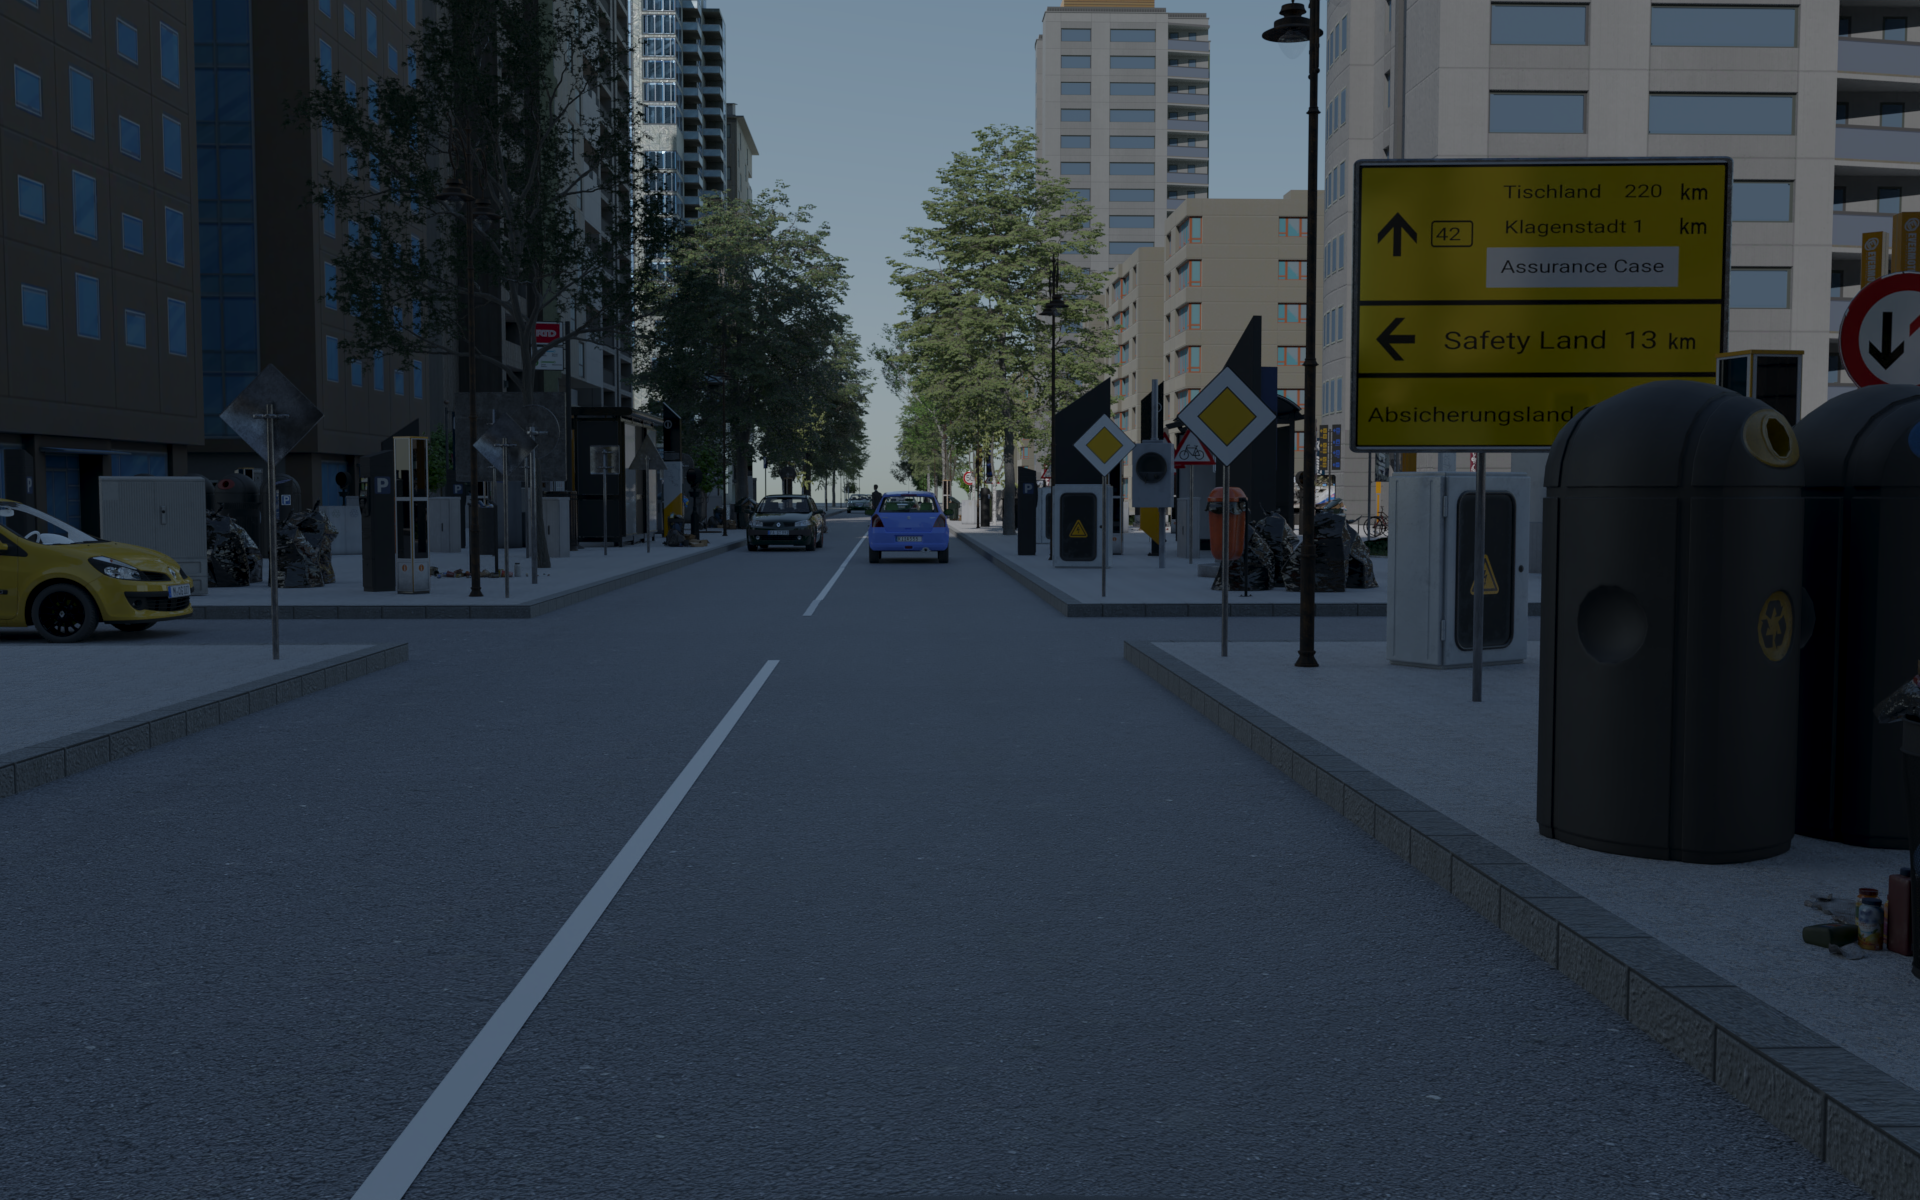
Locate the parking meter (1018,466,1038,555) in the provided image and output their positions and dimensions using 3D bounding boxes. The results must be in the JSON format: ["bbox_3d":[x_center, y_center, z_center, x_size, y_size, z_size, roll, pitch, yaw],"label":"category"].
[{"bbox_3d":[1.418,-1.868,36.253,0.399,1.863,0.255,-1,4,-8],"label":"parking meter"}]

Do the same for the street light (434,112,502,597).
[{"bbox_3d":[-6.058,-2.980,21.506,0.468,5.910,1.993,0,4,-2],"label":"street light"}]

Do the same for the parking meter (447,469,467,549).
[{"bbox_3d":[-11.855,-2.146,40.806,0.399,1.863,0.255,-3,4,-37],"label":"parking meter"}]

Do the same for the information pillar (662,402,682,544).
[{"bbox_3d":[-7.362,-3.238,44.298,0.504,3.616,0.183,1,4,16],"label":"information pillar"}]

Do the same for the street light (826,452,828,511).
[{"bbox_3d":[-9.979,-9.587,129.541,0.468,5.910,1.993,0,4,-2],"label":"street light"}]

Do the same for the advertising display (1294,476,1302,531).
[{"bbox_3d":[11.541,-3.389,60.625,0.123,1.923,0.974,-3,5,-44],"label":"advertising display"}]

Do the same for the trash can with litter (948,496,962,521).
[{"bbox_3d":[-0.063,-4.372,82.869,1.055,1.170,0.624,2,4,32],"label":"trash can with litter"}]

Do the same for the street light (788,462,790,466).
[{"bbox_3d":[-8.370,-6.850,84.793,0.468,5.910,1.993,0,4,-2],"label":"street light"}]

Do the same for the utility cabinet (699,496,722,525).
[{"bbox_3d":[-10.089,-3.586,69.792,1.020,1.237,0.306,0,4,-6],"label":"utility cabinet"}]

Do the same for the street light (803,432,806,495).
[{"bbox_3d":[-8.818,-7.659,98.014,0.468,5.910,1.993,0,4,-2],"label":"street light"}]

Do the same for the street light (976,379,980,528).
[{"bbox_3d":[0.677,-5.621,64.693,0.468,5.910,1.993,0,4,-2],"label":"street light"}]

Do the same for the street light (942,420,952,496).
[{"bbox_3d":[-0.943,-8.400,110.121,0.468,5.910,1.993,0,4,-2],"label":"street light"}]

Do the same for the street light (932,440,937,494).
[{"bbox_3d":[-2.055,-10.309,141.341,0.468,5.910,1.993,0,4,-2],"label":"street light"}]

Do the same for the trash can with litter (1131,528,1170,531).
[{"bbox_3d":[6.894,-3.066,61.191,1.678,1.210,2.233,1,4,21],"label":"trash can with litter"}]

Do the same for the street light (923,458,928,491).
[{"bbox_3d":[-4.055,-13.459,192.839,0.468,5.910,1.993,0,4,-2],"label":"street light"}]

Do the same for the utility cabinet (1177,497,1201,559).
[{"bbox_3d":[4.593,-1.451,34.884,0.306,1.237,1.020,0,4,-3],"label":"utility cabinet"}]

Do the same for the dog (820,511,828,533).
[{"bbox_3d":[-5.121,-2.860,63.595,0.513,0.831,0.800,2,4,30],"label":"dog"}]

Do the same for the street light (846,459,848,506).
[{"bbox_3d":[-11.862,-12.743,181.138,0.468,5.910,1.993,0,4,-2],"label":"street light"}]

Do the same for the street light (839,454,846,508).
[{"bbox_3d":[-11.063,-11.505,160.893,0.468,5.910,1.993,0,4,-2],"label":"street light"}]

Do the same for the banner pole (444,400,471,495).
[{"bbox_3d":[-13.424,-3.429,46.077,0.863,3.779,0.401,1,4,12],"label":"banner pole"}]

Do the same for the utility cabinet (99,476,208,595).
[{"bbox_3d":[-10.060,-0.791,21.620,1.173,1.500,0.318,-2,4,-32],"label":"utility cabinet"}]

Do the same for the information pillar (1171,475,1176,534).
[{"bbox_3d":[7.030,-3.164,56.223,0.304,2.012,0.304,2,4,26],"label":"information pillar"}]

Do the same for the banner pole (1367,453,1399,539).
[{"bbox_3d":[10.496,-3.277,43.597,0.863,3.779,0.401,-2,4,-27],"label":"banner pole"}]

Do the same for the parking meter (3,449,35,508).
[{"bbox_3d":[-12.320,-1.040,22.713,0.255,1.863,0.399,-1,4,-11],"label":"parking meter"}]

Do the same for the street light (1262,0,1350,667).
[{"bbox_3d":[2.583,-2.443,12.724,0.468,5.910,1.993,0,4,-2],"label":"street light"}]

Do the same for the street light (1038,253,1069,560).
[{"bbox_3d":[1.803,-3.712,33.474,0.468,5.910,1.993,0,4,-2],"label":"street light"}]

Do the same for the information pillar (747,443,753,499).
[{"bbox_3d":[-9.632,-5.341,78.674,0.504,3.616,0.183,0,4,-5],"label":"information pillar"}]

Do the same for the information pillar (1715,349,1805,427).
[{"bbox_3d":[4.123,-0.276,8.997,0.304,2.012,0.304,-1,4,-11],"label":"information pillar"}]

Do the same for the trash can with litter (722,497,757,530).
[{"bbox_3d":[-8.030,-3.133,62.618,0.624,1.170,1.055,3,5,44],"label":"trash can with litter"}]

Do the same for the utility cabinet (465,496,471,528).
[{"bbox_3d":[-18.720,-3.298,65.086,1.020,1.237,0.306,-2,4,-24],"label":"utility cabinet"}]

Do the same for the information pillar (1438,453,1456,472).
[{"bbox_3d":[7.621,-2.188,27.122,0.183,3.616,0.504,3,5,41],"label":"information pillar"}]

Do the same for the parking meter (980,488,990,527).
[{"bbox_3d":[0.987,-3.629,67.749,0.372,1.533,0.369,0,3,0],"label":"parking meter"}]

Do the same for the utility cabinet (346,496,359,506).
[{"bbox_3d":[-18.568,-2.617,53.945,1.020,1.237,0.306,1,4,11],"label":"utility cabinet"}]

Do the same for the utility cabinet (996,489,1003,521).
[{"bbox_3d":[2.160,-4.469,81.754,0.318,1.500,1.173,-2,4,-31],"label":"utility cabinet"}]

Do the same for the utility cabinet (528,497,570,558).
[{"bbox_3d":[-8.401,-1.476,35.288,1.020,1.237,0.306,3,4,37],"label":"utility cabinet"}]

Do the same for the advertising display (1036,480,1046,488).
[{"bbox_3d":[4.189,-5.078,88.242,0.123,1.923,0.974,1,4,22],"label":"advertising display"}]

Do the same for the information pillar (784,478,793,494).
[{"bbox_3d":[-7.767,-4.518,78.358,0.304,2.012,0.304,-2,4,-32],"label":"information pillar"}]

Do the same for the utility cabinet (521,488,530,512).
[{"bbox_3d":[-15.332,-3.157,60.294,1.173,1.500,0.318,3,5,39],"label":"utility cabinet"}]

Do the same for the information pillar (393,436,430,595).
[{"bbox_3d":[-7.029,-1.084,22.220,0.304,2.012,0.304,2,4,28],"label":"information pillar"}]

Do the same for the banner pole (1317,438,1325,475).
[{"bbox_3d":[13.886,-4.754,67.743,0.863,3.779,0.401,2,4,27],"label":"banner pole"}]

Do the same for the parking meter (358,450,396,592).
[{"bbox_3d":[-7.674,-1.046,22.806,0.255,1.863,0.399,3,5,42],"label":"parking meter"}]

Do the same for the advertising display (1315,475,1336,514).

What is required: When you reach a picture, pass over it; write out all other material exactly.

Result of the task:
Locate the parking meter (1018,466,1038,555) in the provided image and output their positions and dimensions using 3D bounding boxes. The results must be in the JSON format: ["bbox_3d":[x_center, y_center, z_center, x_size, y_size, z_size, roll, pitch, yaw],"label":"category"].
[{"bbox_3d":[1.418,-1.868,36.253,0.399,1.863,0.255,-1,4,-8],"label":"parking meter"}]

Do the same for the street light (434,112,502,597).
[{"bbox_3d":[-6.058,-2.980,21.506,0.468,5.910,1.993,0,4,-2],"label":"street light"}]

Do the same for the parking meter (447,469,467,549).
[{"bbox_3d":[-11.855,-2.146,40.806,0.399,1.863,0.255,-3,4,-37],"label":"parking meter"}]

Do the same for the information pillar (662,402,682,544).
[{"bbox_3d":[-7.362,-3.238,44.298,0.504,3.616,0.183,1,4,16],"label":"information pillar"}]

Do the same for the street light (826,452,828,511).
[{"bbox_3d":[-9.979,-9.587,129.541,0.468,5.910,1.993,0,4,-2],"label":"street light"}]

Do the same for the advertising display (1294,476,1302,531).
[{"bbox_3d":[11.541,-3.389,60.625,0.123,1.923,0.974,-3,5,-44],"label":"advertising display"}]

Do the same for the trash can with litter (948,496,962,521).
[{"bbox_3d":[-0.063,-4.372,82.869,1.055,1.170,0.624,2,4,32],"label":"trash can with litter"}]

Do the same for the street light (788,462,790,466).
[{"bbox_3d":[-8.370,-6.850,84.793,0.468,5.910,1.993,0,4,-2],"label":"street light"}]

Do the same for the utility cabinet (699,496,722,525).
[{"bbox_3d":[-10.089,-3.586,69.792,1.020,1.237,0.306,0,4,-6],"label":"utility cabinet"}]

Do the same for the street light (803,432,806,495).
[{"bbox_3d":[-8.818,-7.659,98.014,0.468,5.910,1.993,0,4,-2],"label":"street light"}]

Do the same for the street light (976,379,980,528).
[{"bbox_3d":[0.677,-5.621,64.693,0.468,5.910,1.993,0,4,-2],"label":"street light"}]

Do the same for the street light (942,420,952,496).
[{"bbox_3d":[-0.943,-8.400,110.121,0.468,5.910,1.993,0,4,-2],"label":"street light"}]

Do the same for the street light (932,440,937,494).
[{"bbox_3d":[-2.055,-10.309,141.341,0.468,5.910,1.993,0,4,-2],"label":"street light"}]

Do the same for the trash can with litter (1131,528,1170,531).
[{"bbox_3d":[6.894,-3.066,61.191,1.678,1.210,2.233,1,4,21],"label":"trash can with litter"}]

Do the same for the street light (923,458,928,491).
[{"bbox_3d":[-4.055,-13.459,192.839,0.468,5.910,1.993,0,4,-2],"label":"street light"}]

Do the same for the utility cabinet (1177,497,1201,559).
[{"bbox_3d":[4.593,-1.451,34.884,0.306,1.237,1.020,0,4,-3],"label":"utility cabinet"}]

Do the same for the dog (820,511,828,533).
[{"bbox_3d":[-5.121,-2.860,63.595,0.513,0.831,0.800,2,4,30],"label":"dog"}]

Do the same for the street light (846,459,848,506).
[{"bbox_3d":[-11.862,-12.743,181.138,0.468,5.910,1.993,0,4,-2],"label":"street light"}]

Do the same for the street light (839,454,846,508).
[{"bbox_3d":[-11.063,-11.505,160.893,0.468,5.910,1.993,0,4,-2],"label":"street light"}]

Do the same for the banner pole (444,400,471,495).
[{"bbox_3d":[-13.424,-3.429,46.077,0.863,3.779,0.401,1,4,12],"label":"banner pole"}]

Do the same for the utility cabinet (99,476,208,595).
[{"bbox_3d":[-10.060,-0.791,21.620,1.173,1.500,0.318,-2,4,-32],"label":"utility cabinet"}]

Do the same for the information pillar (1171,475,1176,534).
[{"bbox_3d":[7.030,-3.164,56.223,0.304,2.012,0.304,2,4,26],"label":"information pillar"}]

Do the same for the banner pole (1367,453,1399,539).
[{"bbox_3d":[10.496,-3.277,43.597,0.863,3.779,0.401,-2,4,-27],"label":"banner pole"}]

Do the same for the parking meter (3,449,35,508).
[{"bbox_3d":[-12.320,-1.040,22.713,0.255,1.863,0.399,-1,4,-11],"label":"parking meter"}]

Do the same for the street light (1262,0,1350,667).
[{"bbox_3d":[2.583,-2.443,12.724,0.468,5.910,1.993,0,4,-2],"label":"street light"}]

Do the same for the street light (1038,253,1069,560).
[{"bbox_3d":[1.803,-3.712,33.474,0.468,5.910,1.993,0,4,-2],"label":"street light"}]

Do the same for the information pillar (747,443,753,499).
[{"bbox_3d":[-9.632,-5.341,78.674,0.504,3.616,0.183,0,4,-5],"label":"information pillar"}]

Do the same for the information pillar (1715,349,1805,427).
[{"bbox_3d":[4.123,-0.276,8.997,0.304,2.012,0.304,-1,4,-11],"label":"information pillar"}]

Do the same for the trash can with litter (722,497,757,530).
[{"bbox_3d":[-8.030,-3.133,62.618,0.624,1.170,1.055,3,5,44],"label":"trash can with litter"}]

Do the same for the utility cabinet (465,496,471,528).
[{"bbox_3d":[-18.720,-3.298,65.086,1.020,1.237,0.306,-2,4,-24],"label":"utility cabinet"}]

Do the same for the information pillar (1438,453,1456,472).
[{"bbox_3d":[7.621,-2.188,27.122,0.183,3.616,0.504,3,5,41],"label":"information pillar"}]

Do the same for the parking meter (980,488,990,527).
[{"bbox_3d":[0.987,-3.629,67.749,0.372,1.533,0.369,0,3,0],"label":"parking meter"}]

Do the same for the utility cabinet (346,496,359,506).
[{"bbox_3d":[-18.568,-2.617,53.945,1.020,1.237,0.306,1,4,11],"label":"utility cabinet"}]

Do the same for the utility cabinet (996,489,1003,521).
[{"bbox_3d":[2.160,-4.469,81.754,0.318,1.500,1.173,-2,4,-31],"label":"utility cabinet"}]

Do the same for the utility cabinet (528,497,570,558).
[{"bbox_3d":[-8.401,-1.476,35.288,1.020,1.237,0.306,3,4,37],"label":"utility cabinet"}]

Do the same for the advertising display (1036,480,1046,488).
[{"bbox_3d":[4.189,-5.078,88.242,0.123,1.923,0.974,1,4,22],"label":"advertising display"}]

Do the same for the information pillar (784,478,793,494).
[{"bbox_3d":[-7.767,-4.518,78.358,0.304,2.012,0.304,-2,4,-32],"label":"information pillar"}]

Do the same for the utility cabinet (521,488,530,512).
[{"bbox_3d":[-15.332,-3.157,60.294,1.173,1.500,0.318,3,5,39],"label":"utility cabinet"}]

Do the same for the information pillar (393,436,430,595).
[{"bbox_3d":[-7.029,-1.084,22.220,0.304,2.012,0.304,2,4,28],"label":"information pillar"}]

Do the same for the banner pole (1317,438,1325,475).
[{"bbox_3d":[13.886,-4.754,67.743,0.863,3.779,0.401,2,4,27],"label":"banner pole"}]

Do the same for the parking meter (358,450,396,592).
[{"bbox_3d":[-7.674,-1.046,22.806,0.255,1.863,0.399,3,5,42],"label":"parking meter"}]

Do the same for the advertising display (1315,475,1336,514).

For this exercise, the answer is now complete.